══ The input

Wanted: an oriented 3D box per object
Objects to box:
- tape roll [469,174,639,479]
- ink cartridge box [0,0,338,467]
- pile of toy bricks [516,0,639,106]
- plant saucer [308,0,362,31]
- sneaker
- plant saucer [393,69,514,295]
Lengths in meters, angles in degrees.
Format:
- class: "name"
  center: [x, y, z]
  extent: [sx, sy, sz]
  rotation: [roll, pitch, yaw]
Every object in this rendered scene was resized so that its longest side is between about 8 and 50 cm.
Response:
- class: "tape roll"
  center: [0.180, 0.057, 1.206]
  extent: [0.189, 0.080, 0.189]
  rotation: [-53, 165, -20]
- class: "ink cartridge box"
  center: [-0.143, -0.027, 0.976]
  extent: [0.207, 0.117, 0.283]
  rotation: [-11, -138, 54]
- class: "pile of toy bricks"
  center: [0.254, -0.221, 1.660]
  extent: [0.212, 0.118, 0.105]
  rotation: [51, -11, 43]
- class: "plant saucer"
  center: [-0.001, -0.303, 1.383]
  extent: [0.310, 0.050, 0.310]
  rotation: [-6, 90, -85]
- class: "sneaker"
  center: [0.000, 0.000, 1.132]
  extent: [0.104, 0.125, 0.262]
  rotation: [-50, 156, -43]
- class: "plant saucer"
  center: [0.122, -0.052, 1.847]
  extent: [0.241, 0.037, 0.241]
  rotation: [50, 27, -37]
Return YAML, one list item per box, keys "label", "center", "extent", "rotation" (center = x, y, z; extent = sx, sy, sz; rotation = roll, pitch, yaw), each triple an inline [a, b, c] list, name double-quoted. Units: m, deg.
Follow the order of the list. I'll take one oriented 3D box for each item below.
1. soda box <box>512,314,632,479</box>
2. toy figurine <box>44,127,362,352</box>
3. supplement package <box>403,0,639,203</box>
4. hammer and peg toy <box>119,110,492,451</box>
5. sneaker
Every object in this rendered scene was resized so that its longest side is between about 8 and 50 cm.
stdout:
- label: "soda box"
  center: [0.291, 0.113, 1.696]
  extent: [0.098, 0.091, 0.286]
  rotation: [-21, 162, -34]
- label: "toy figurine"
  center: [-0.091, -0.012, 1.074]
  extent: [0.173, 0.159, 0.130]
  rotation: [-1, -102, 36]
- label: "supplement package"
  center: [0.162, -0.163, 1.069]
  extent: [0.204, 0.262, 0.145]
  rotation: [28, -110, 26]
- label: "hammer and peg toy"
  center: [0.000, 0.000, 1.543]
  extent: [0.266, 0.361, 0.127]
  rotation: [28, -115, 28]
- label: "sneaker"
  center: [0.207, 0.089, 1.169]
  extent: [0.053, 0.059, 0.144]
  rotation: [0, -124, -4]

════
══ The input

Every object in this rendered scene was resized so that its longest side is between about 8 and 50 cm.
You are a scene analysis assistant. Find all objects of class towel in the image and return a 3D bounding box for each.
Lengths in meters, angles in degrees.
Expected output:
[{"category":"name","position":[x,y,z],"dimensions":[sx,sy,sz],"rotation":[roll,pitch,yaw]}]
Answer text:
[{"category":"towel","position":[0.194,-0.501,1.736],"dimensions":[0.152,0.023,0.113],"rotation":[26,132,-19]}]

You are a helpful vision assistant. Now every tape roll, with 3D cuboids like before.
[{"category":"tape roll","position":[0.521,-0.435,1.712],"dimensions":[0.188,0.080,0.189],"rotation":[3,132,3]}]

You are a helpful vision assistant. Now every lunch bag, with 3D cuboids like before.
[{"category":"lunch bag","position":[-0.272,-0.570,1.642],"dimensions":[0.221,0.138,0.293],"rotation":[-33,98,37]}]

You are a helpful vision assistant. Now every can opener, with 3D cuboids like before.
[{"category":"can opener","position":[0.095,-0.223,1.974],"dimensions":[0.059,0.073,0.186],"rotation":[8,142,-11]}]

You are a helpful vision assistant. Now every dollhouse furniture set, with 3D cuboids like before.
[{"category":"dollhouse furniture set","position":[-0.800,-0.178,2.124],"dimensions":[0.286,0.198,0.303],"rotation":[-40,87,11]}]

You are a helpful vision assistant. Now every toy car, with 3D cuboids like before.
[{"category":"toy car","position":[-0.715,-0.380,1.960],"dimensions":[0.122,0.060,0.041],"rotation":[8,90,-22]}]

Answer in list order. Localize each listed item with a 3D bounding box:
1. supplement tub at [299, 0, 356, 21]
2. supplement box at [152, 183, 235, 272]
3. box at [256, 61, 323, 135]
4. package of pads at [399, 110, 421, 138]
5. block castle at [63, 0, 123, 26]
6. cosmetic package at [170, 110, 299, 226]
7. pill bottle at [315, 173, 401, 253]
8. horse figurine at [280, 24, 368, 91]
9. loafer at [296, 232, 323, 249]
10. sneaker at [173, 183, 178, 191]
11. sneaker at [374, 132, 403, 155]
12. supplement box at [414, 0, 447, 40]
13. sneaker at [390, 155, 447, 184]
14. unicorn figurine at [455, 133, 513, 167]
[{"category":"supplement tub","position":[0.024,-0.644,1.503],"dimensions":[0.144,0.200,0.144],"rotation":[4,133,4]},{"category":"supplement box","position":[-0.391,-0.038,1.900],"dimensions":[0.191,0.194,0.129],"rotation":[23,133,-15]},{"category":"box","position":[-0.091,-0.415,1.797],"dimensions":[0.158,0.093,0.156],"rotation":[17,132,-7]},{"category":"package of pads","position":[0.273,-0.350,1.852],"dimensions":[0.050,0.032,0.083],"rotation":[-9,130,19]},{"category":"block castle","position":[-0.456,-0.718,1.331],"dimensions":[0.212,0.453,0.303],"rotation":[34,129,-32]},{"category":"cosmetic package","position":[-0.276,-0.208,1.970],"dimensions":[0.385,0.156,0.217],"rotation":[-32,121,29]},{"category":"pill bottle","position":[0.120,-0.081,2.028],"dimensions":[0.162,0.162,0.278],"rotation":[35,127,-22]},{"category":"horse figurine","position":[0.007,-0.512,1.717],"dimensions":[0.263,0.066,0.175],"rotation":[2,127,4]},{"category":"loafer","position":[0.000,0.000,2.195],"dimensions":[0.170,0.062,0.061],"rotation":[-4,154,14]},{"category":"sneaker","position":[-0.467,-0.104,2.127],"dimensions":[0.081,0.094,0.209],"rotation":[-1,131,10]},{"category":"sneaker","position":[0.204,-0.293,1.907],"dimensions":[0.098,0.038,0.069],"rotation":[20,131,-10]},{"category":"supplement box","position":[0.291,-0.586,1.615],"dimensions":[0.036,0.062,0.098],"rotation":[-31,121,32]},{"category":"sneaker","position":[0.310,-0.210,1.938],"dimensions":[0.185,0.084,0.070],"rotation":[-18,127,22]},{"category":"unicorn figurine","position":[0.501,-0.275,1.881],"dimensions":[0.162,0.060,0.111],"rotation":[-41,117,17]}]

════
══ The input

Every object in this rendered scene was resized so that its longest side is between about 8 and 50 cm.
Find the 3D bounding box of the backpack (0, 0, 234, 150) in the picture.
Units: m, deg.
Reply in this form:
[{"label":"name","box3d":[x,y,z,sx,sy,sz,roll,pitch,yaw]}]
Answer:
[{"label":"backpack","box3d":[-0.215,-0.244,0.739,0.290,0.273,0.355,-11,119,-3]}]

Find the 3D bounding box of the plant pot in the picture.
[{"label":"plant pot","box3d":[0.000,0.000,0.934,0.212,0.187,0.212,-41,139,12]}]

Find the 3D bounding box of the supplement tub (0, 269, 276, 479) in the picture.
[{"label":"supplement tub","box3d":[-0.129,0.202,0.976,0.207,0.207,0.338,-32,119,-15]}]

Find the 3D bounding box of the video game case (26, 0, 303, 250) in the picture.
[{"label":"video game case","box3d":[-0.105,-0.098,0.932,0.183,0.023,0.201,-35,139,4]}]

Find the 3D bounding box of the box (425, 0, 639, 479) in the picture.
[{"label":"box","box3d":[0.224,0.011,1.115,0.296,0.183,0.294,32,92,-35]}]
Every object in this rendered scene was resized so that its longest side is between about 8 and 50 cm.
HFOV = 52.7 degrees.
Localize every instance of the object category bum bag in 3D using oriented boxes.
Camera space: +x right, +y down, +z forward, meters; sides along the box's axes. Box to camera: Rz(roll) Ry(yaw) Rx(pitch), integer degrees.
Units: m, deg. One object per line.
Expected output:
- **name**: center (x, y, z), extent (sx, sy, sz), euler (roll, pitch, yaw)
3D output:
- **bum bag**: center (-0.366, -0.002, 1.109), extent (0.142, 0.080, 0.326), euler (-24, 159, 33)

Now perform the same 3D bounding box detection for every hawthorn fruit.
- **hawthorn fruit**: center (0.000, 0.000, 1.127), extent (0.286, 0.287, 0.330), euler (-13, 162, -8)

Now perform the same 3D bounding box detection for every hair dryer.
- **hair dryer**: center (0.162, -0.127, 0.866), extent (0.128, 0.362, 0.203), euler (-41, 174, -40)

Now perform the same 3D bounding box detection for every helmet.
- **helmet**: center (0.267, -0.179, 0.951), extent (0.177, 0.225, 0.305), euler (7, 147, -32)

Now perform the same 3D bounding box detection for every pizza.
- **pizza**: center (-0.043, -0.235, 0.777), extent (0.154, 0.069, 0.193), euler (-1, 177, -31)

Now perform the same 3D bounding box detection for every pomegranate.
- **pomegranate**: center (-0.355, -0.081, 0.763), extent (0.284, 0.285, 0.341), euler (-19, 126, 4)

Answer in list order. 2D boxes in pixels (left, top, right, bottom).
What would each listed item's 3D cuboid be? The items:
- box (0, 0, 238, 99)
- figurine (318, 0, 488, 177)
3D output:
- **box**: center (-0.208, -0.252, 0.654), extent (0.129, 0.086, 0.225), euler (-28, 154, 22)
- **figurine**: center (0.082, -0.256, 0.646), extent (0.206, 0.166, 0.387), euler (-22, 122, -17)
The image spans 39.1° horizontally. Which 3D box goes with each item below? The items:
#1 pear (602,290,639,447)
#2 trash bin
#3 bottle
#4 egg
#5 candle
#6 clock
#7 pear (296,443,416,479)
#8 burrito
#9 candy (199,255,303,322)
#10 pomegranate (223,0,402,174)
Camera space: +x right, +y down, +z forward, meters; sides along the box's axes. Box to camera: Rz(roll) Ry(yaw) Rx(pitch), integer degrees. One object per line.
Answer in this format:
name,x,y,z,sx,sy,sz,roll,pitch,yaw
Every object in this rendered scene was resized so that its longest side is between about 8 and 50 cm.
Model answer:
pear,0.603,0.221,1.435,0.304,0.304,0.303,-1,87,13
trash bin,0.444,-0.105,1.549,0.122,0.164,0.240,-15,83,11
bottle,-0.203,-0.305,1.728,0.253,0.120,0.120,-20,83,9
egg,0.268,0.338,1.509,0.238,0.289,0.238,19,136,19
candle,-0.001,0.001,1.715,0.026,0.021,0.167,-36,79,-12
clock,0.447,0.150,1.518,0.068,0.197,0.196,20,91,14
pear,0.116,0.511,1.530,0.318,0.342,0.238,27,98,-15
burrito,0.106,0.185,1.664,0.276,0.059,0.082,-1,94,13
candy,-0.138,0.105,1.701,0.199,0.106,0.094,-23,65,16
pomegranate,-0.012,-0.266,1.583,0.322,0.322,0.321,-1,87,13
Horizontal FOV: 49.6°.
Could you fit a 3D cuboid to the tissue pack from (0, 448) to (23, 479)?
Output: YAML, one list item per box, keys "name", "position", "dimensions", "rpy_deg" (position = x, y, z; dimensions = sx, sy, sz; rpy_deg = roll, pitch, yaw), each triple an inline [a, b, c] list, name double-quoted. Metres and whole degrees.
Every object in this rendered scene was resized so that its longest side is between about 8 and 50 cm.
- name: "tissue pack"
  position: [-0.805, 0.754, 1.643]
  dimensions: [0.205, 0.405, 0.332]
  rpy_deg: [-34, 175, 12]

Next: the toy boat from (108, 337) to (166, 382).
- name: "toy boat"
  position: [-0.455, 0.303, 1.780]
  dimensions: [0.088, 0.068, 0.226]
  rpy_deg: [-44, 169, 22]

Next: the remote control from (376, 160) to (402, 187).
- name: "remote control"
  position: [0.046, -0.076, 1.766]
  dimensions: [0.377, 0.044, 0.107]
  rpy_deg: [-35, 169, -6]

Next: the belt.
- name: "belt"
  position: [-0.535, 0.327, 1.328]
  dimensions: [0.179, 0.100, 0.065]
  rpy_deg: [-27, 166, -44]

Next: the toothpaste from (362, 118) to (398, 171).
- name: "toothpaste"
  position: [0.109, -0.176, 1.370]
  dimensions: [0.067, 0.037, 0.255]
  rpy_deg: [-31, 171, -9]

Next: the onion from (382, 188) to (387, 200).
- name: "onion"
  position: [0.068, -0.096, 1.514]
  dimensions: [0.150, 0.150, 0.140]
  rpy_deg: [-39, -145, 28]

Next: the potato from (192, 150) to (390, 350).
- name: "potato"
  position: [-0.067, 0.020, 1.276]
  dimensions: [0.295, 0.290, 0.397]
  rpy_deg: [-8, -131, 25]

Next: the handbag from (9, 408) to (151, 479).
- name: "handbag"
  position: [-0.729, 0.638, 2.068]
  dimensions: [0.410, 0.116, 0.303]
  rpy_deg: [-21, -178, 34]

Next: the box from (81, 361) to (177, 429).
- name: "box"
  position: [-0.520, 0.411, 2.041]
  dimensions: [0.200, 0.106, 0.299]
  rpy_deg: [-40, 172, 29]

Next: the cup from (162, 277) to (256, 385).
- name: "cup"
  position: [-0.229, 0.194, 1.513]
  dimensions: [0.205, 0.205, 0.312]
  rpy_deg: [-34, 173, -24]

════

• Work required:
Within the data above, the span starting at the line containing "4. package of pads at [399, 110, 421, 138]" and ending at the line containing "13. sneaker at [390, 155, 447, 184]" is to be retyped exactly, with no other lines.

• Answer space:
4. package of pads at [399, 110, 421, 138]
5. block castle at [63, 0, 123, 26]
6. cosmetic package at [170, 110, 299, 226]
7. pill bottle at [315, 173, 401, 253]
8. horse figurine at [280, 24, 368, 91]
9. loafer at [296, 232, 323, 249]
10. sneaker at [173, 183, 178, 191]
11. sneaker at [374, 132, 403, 155]
12. supplement box at [414, 0, 447, 40]
13. sneaker at [390, 155, 447, 184]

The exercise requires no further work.